Seeing the bulk: a primer on dimensionality reduction
If you haven’t seen Interstellar, you might not get the reference in the title. Don’t sweat it, the bulk beings are some advanced civilization that is able to move outside the familiar 3D space that we are stuck in. A similar plot device was used in Edwin Abbott’s book Flatland.
Outside of entertainment, there is a lot of value in attempting to understand high dimensional spaces. Physics, machine learning, and engineering control systems all make use of higher-dimensional spaces in one way or another. I first got interested in higher dimensional spaces in high school, I saw a talk by a Russian physicist that introduced 4-dimensional cubes, and then made some passing comment that “there are six extra dimensions of space”, before closing up the lecture. That last part was confusing, but I later realized he was talking about Calabi-Yau manifolds from string theory.
In this post we will learn how datasets can be thought of as sets of points in a high dimensional space, and then we will learn how to map those sets into low (2 or 3)-dimensional spaces so that we can see them. The goal will be to preserve as much structure as possible, but still fit everything into a space we can see and feel.
Let’s start with 1D, real numbers are points on a line, easy. In 2D, we can use a pair (x,y) to name any point in a plane. For 3D, we can use triplets (x,y,z) to name points in a space like the one we physically live in.
If we wanted to name the four corners of a tetrahedron, we could write out a table of data like this:
But it’s not clear what that data looks like until we visualize it in 3D space:
We can extend the basic idea behind taking triples (x,y,z) and imagining them as points in a 3-dimensional space. Instead of triples, we can use n-tuples (x1, x2, …, xn) and imagining them as points in an n-dimensional space. We can then measure distances between any two points (x1, x2, …, xn) and (y1, y2, …, yn) by using the Pythagorean theorem. So all the tools we have for doing geometry with numbers (analytic geometry and linear algebra) work well, but we can’t directly visualize those spaces, since our brains evolved in a 3-dimensional environment.
The good news is that we can “compress” higher dimensional shapes into 3D and still preserve plenty of information.
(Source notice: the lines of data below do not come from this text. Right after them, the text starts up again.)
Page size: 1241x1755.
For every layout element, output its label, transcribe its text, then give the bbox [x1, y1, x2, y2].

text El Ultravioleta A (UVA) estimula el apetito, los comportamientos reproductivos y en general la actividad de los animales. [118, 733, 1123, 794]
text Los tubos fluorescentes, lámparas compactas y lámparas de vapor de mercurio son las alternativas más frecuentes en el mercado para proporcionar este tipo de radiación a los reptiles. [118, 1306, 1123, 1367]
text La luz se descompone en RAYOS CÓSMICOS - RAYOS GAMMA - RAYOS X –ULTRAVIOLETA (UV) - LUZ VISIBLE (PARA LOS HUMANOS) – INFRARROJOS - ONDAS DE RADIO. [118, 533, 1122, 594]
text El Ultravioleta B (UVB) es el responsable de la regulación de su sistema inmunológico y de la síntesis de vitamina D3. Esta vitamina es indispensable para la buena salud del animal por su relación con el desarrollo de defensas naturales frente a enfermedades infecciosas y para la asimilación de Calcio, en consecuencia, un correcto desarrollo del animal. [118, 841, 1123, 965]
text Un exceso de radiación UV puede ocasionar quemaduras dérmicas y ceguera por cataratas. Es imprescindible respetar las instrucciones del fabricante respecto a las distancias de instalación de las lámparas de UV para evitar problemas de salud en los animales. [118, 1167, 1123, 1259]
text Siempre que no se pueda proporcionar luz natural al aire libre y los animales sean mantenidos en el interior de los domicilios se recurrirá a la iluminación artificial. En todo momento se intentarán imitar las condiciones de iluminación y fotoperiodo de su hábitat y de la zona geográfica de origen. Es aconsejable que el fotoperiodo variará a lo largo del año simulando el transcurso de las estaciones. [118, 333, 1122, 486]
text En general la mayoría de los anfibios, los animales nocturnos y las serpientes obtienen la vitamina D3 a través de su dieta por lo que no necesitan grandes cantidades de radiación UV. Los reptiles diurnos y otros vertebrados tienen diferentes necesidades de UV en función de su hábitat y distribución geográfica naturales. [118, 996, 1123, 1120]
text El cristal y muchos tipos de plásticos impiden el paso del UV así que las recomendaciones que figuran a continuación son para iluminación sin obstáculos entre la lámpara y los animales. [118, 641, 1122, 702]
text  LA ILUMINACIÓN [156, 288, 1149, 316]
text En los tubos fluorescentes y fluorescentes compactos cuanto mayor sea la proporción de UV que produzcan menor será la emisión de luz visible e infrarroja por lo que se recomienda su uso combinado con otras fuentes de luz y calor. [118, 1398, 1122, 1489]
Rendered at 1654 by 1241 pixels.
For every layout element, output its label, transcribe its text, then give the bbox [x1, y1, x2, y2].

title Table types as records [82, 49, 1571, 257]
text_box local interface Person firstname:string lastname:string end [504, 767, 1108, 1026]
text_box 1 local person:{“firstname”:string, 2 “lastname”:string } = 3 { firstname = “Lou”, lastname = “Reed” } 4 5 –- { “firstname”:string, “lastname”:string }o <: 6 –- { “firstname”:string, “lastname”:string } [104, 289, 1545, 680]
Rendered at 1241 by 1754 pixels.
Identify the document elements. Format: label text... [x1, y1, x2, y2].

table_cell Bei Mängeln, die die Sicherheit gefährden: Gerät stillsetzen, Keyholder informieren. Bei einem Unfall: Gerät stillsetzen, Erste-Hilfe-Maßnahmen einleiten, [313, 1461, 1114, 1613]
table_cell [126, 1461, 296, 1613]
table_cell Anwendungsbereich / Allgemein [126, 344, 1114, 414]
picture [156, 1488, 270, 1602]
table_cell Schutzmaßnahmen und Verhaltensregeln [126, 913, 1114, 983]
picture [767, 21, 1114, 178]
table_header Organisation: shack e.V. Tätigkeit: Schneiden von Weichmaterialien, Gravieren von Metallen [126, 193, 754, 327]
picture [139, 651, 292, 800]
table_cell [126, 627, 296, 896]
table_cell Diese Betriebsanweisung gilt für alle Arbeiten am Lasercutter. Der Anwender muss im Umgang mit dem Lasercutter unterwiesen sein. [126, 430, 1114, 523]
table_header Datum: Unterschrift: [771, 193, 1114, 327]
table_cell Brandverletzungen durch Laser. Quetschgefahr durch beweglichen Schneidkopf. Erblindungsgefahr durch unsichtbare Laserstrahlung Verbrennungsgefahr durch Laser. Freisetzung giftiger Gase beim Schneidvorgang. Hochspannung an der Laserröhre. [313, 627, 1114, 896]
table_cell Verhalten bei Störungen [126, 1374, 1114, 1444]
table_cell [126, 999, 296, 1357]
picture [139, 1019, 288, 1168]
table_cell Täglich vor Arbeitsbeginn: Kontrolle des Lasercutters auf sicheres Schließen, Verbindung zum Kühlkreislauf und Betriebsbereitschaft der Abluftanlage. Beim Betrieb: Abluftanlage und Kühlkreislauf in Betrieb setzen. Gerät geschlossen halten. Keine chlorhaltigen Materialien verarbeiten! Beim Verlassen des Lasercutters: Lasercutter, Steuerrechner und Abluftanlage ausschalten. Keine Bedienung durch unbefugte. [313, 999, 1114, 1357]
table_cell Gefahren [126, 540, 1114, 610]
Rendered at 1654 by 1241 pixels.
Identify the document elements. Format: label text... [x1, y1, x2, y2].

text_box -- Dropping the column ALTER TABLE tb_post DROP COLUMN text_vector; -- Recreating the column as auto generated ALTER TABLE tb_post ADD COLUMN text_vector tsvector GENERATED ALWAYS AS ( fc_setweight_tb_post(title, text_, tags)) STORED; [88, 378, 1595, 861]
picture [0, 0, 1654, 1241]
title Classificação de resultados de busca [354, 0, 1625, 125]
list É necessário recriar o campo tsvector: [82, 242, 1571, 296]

Principal Components Analysis
One technique to reduce the dimensionality of a dataset is called Principal Components Analysis. It starts by modeling the dataset as a matrix, and then finds the directions in which the data varies the most. Those directions that contain the most variation coincide with the “principal components” of the matrix. For an excellent visual introduction to this technique, check out Victor Powell’s post on PCA.
As an example, we will use a wine dataset1 from 1991, it contains 13 properties (alcohol, malic acid, etc.) and 178 wines grown in the same region, but derived from three different plant varieties. Each property can be seen as a dimension, so using our spatial metaphor, we will imagine the 178 wines as points in a 13-dimensional space. Applying PCA will help us find the three most important directions, and then we can visualize those 178 points in a familiar 3D space. I’ll add colors to distinguish the wines from the three wine varieties. We should expect to see some structure, namely, the different plant varieties should form clusters.
From the (Y,Z) chart you can see that there are two main clusters, the blue and the (red/green), and from the (X,Z) chart you can see that the red clusters more towards the center of mass and the green is on the periphery. Also from the (X,Y) chart, the same pattern of “red inside”, “green outside” hold. This is a good example of how bringing your data into a lower dimensional space helps understanding and solving certain problems. Data that have these clusters can be fed into machine learning algorithms to do classification, or they can be used to find natural categories to organize data on its own terms.
How to use PCA in Python
It is very easy to use, just install
scikit-learn and run the following two lines of code:
from sklearn.decomposition import PCA X # high dimensional data, in our case a set of 178 13-dimensional points small_dim = 2 # this is the reduced dimensionality we will end up with, 2 and 3 are good choices pca = PCA(n_components = small_dim) x,y = pca.fit_transform(X)
In a later post I will describe how PCA works mathematically, the intuition behind it helps to understand its weaknesses and strengths.